Re: [LSF/MM TOPIC] Phasing out kernel thread freezing

"Rafael J. Wysocki" <rafael@xxxxxxxxxx> · Sun, 25 Feb 2018 10:45:26 +0100

On Sat, Feb 24, 2018 at 4:27 AM, Luis R. Rodriguez <mcgrof@xxxxxxxxxx> wrote:
> On Mon, Feb 05, 2018 at 09:28:37AM +0100, Rafael J. Wysocki wrote:
>> On Sun, Feb 4, 2018 at 11:41 PM, Bart Van Assche <Bart.VanAssche@xxxxxxx> wrote:
>> > On Wed, 2018-01-31 at 11:10 -0800, Darrick J. Wong wrote:
>> >> For a brief moment I pondered whether it would make sense to make
>> >> filesystems part of the device model so that the suspend code could work
>> >> out fs <-> bdev dependencies and know in which order to freeze
>> >> filesystems and quiesce devices, but every time I go digging into how
>> >> all those macros work I get confused and my eyes glaze over, so I don't
>> >> know if this is at all a good idea or just confused ramblings.
>> >
>> > If we have to go this way: shouldn't we introduce a new abstraction
>> > ("storage stack element" or similar) rather than making filesystems part of
>> > the device model?
>>
>> That would be my approach.
>>
>> Trying to "suspend" filesystems at the same time as I/O devices (and
>> all of that asynchronously) may be problematic for ordering reasons
>> and similar.
>
> Oh look, another ordering issue. And this is why I was not a fan of the
> device link API even though that is what we got merged. Moving on...
>
>> Moreover, during hibernation devices are suspended for two times (and
>> resumed in between, of course) whereas filesystems only need to be
>> "suspended" once.
>
> From your point of view yes, but actually internally the VFS layer or
> filesystems themselves may end up re-using this mechanism later for
> other things like -- snapshotting. And if some folks have it the way
> they want it, we may need a dependency map between filesystems anyway
> for filesystem specific reasons.

That's orthogonal to what I said.

A dependency map between filesystems and other components of the block
layer (like md, dm etc) will be necessary going forward (if all of the
suspending and resuming of them is expected to be reliable anyway),
but that doesn't change hibernation-related requirements one whit.

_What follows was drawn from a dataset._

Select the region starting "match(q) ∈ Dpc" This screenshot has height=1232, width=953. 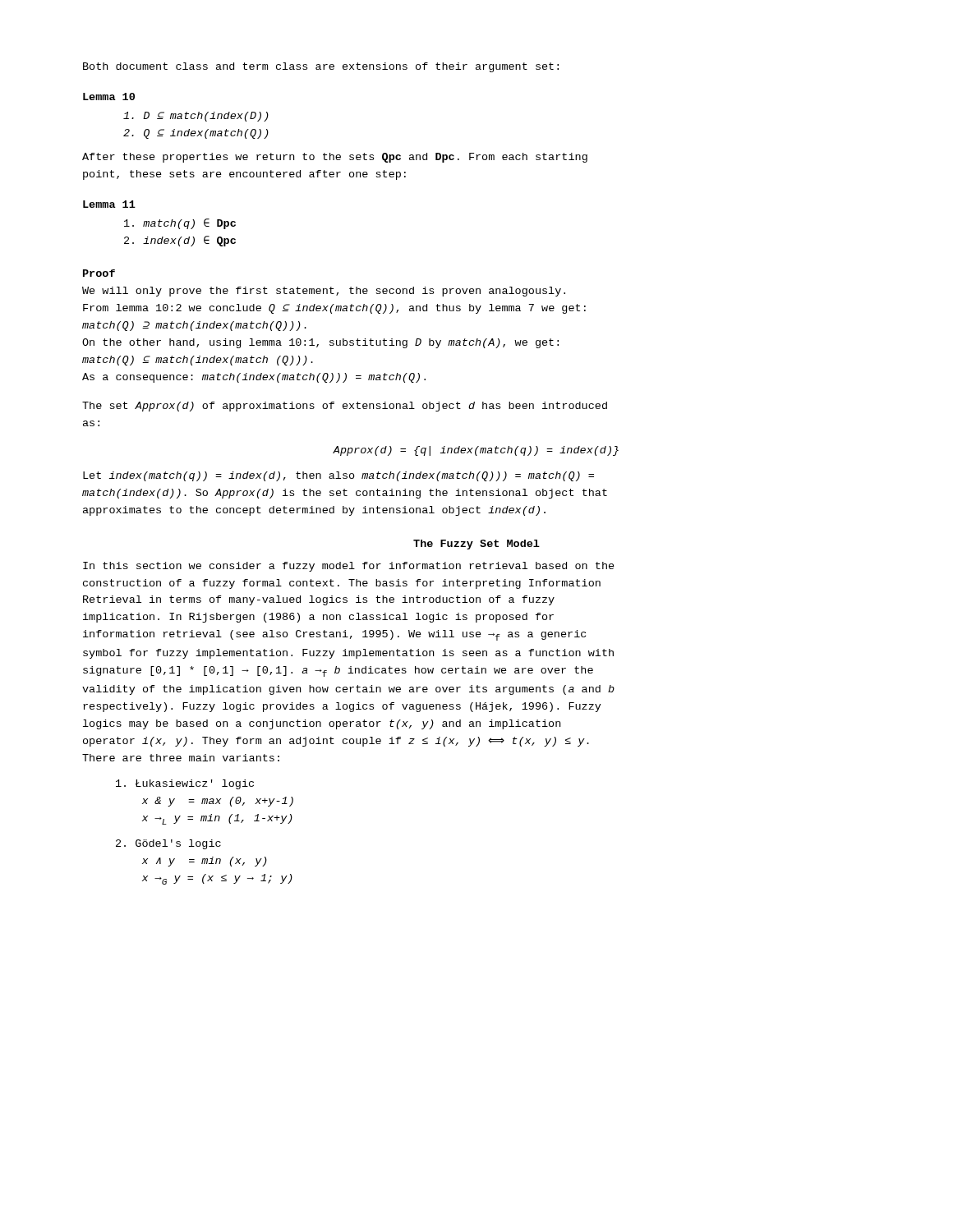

Filesystems need to be suspended (or frozen or whatever terminology
ends up being used for that) *before* creating a hibernation image and
they *cannot* be resumed (unfrozen etc) after that until the system is
off or the kernel decides that the hibernation has failed and rolls
back.  Whatever data/metadata are there in persistent storage before
the image is created, changing them after that point is potentially
critically harmful, so (in the hibernation case) all of the in-flight
I/O that may end up being written to persistent storage needs to be
flushed before creating the image.

However, *devices* are resumed after creating the image so that the
image itself can be written to persistent storage and are suspended
after that again before putting the system to sleep (for wakeup to
work, among other things).

That's why suspend/resume of filesystems cannot be tied to
suspend/resume of devices.

Note that this isn't the case for system suspend/resume
(suspend-to-RAM or suspend-to-idle).

>> With that in mind, I would add a mechanism allowing filesystems (and
>> possibly other components of the storage stack) to register a set of
>> callbacks for suspend and resume and then invoking those callbacks in
>> a specific order.
>
> That's what I had done in my series, the issue here is order. Order in my
> series is simple but should work for starters, later however I suspect we'll
> need something more robust to help.

Quite likely.

Thanks,
Rafael